■ Supplied entries ■
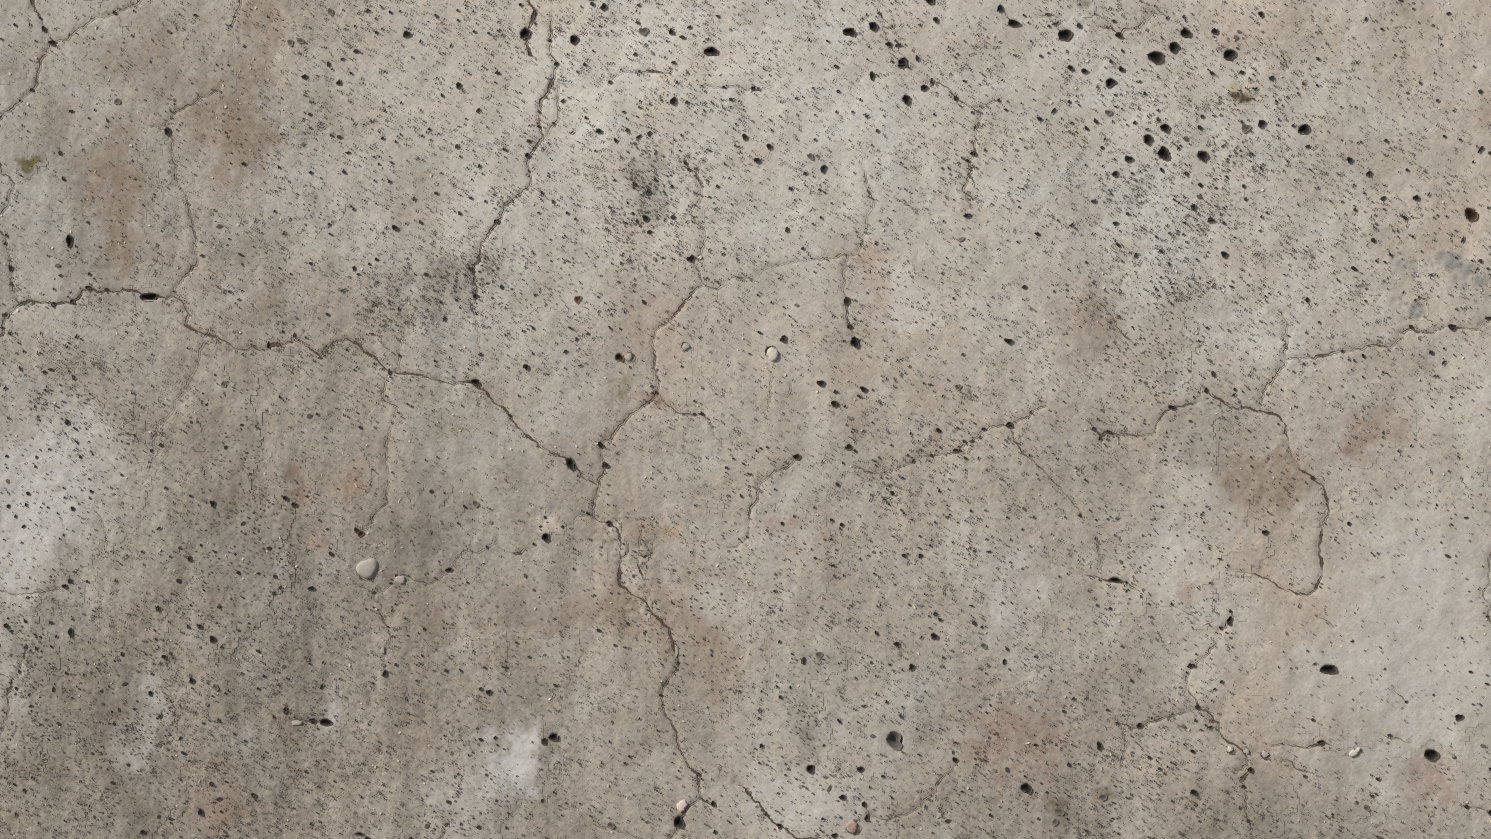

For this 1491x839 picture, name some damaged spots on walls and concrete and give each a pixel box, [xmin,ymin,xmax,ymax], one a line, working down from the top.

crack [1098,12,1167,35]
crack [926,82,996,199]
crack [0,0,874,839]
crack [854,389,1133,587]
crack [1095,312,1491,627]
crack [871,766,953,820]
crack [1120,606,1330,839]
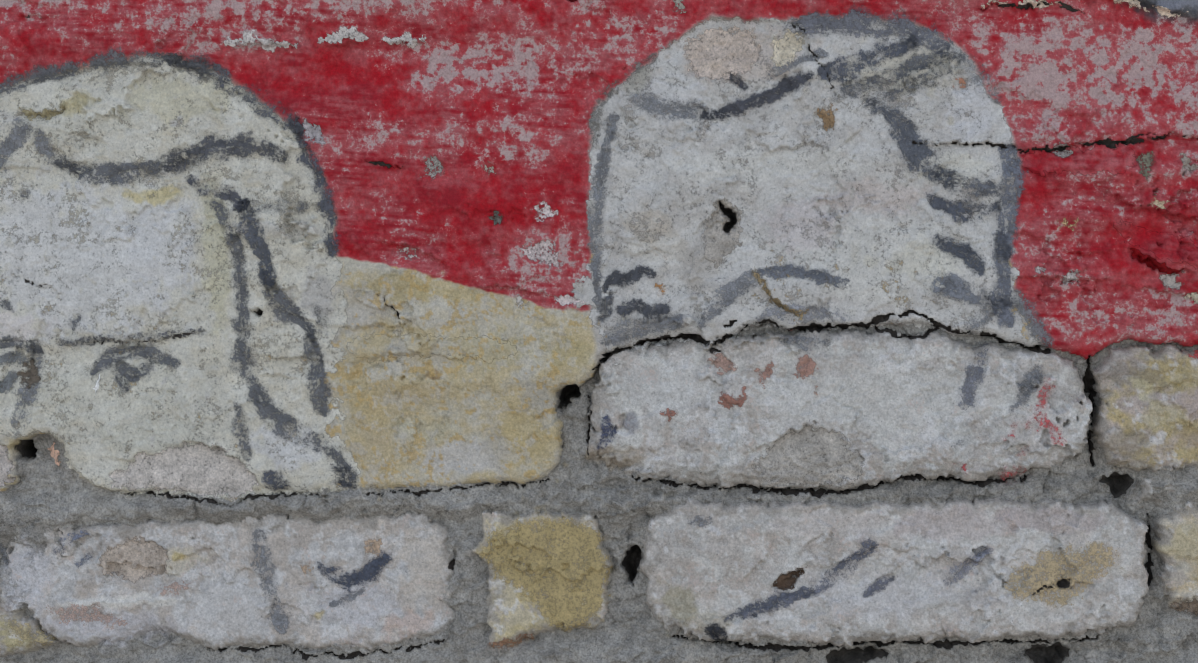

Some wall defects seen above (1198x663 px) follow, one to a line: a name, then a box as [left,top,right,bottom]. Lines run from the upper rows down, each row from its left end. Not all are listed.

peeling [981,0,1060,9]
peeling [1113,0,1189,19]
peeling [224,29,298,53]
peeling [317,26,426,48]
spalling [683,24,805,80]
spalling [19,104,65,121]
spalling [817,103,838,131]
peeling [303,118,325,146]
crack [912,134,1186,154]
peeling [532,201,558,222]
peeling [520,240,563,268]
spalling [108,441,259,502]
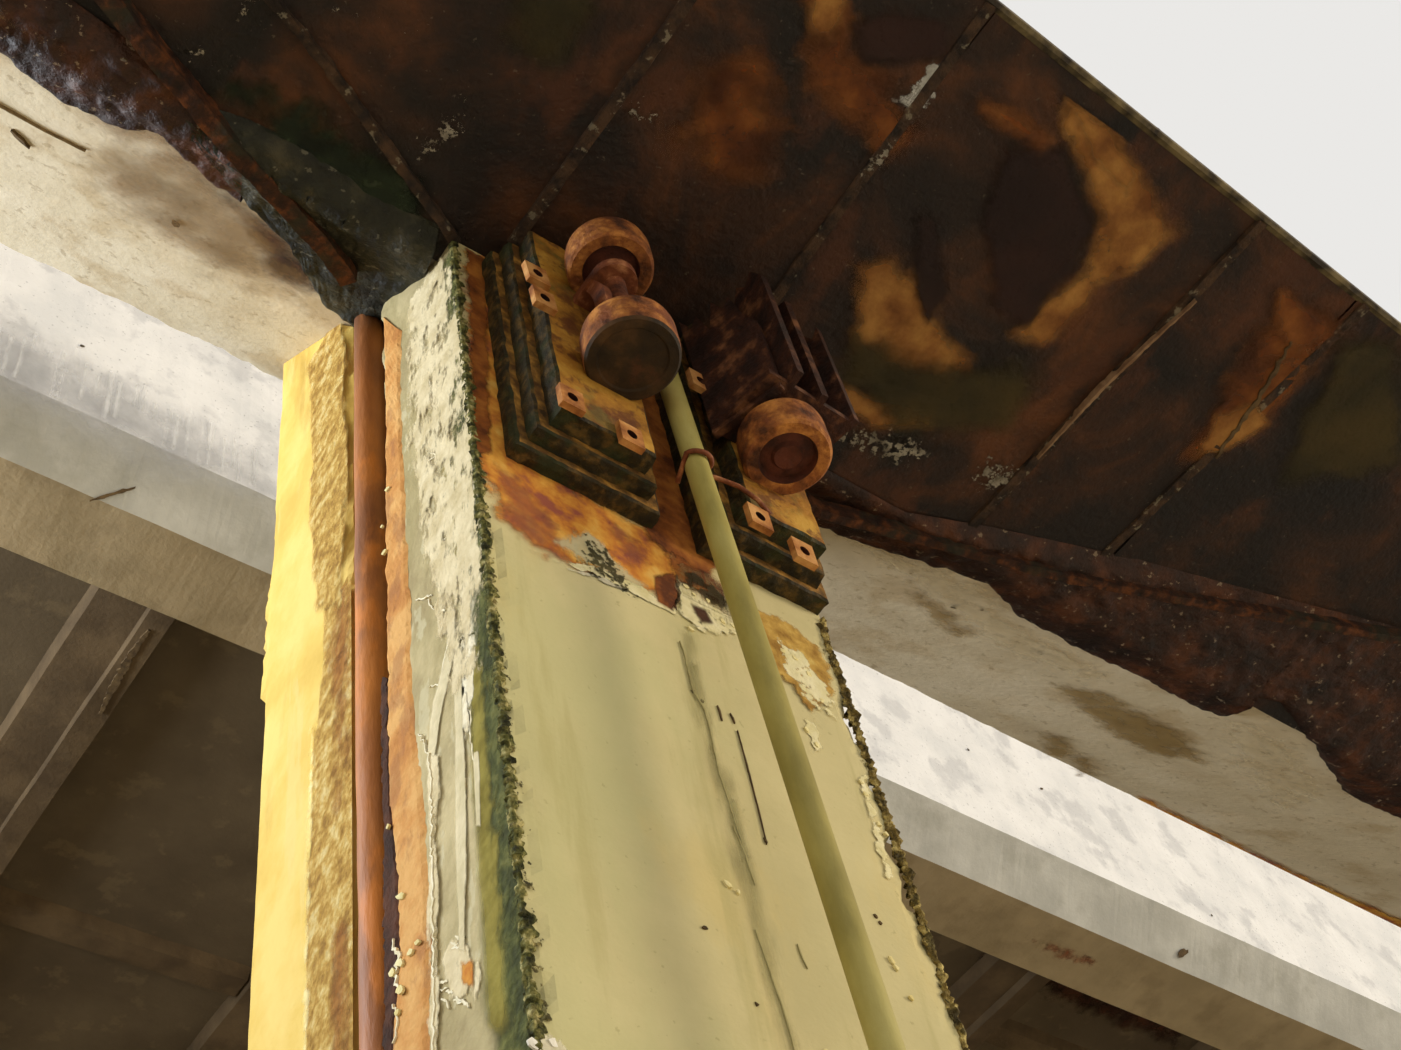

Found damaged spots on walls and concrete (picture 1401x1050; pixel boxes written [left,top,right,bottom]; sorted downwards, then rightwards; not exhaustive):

■ Instructions for the task ■
What this calls for is the material above set down exactly, pictures excluded.

■ Final answer ■
For this 1491x839 picture, name some damaged spots on walls and concrete and give each a pixel box, [xmin,ymin,xmax,ymax], one a line, working down from the top.

crack [1098,12,1167,35]
crack [926,82,996,199]
crack [0,0,874,839]
crack [854,389,1133,587]
crack [1095,312,1491,627]
crack [871,766,953,820]
crack [1120,606,1330,839]

Some wall defects seen above (1198x663 px) follow, one to a line: a name, then a box as [left,top,right,bottom]. Lines run from the upper rows down, each row from its left end. Not all are listed.

peeling [981,0,1060,9]
peeling [1113,0,1189,19]
peeling [224,29,298,53]
peeling [317,26,426,48]
spalling [683,24,805,80]
spalling [19,104,65,121]
spalling [817,103,838,131]
peeling [303,118,325,146]
crack [912,134,1186,154]
peeling [532,201,558,222]
peeling [520,240,563,268]
spalling [108,441,259,502]

Found damaged spots on walls and concrete (picture 1401x1050; pixel boxes written [left,top,right,bottom]; sorted downwards, then rightwards; not exhaustive):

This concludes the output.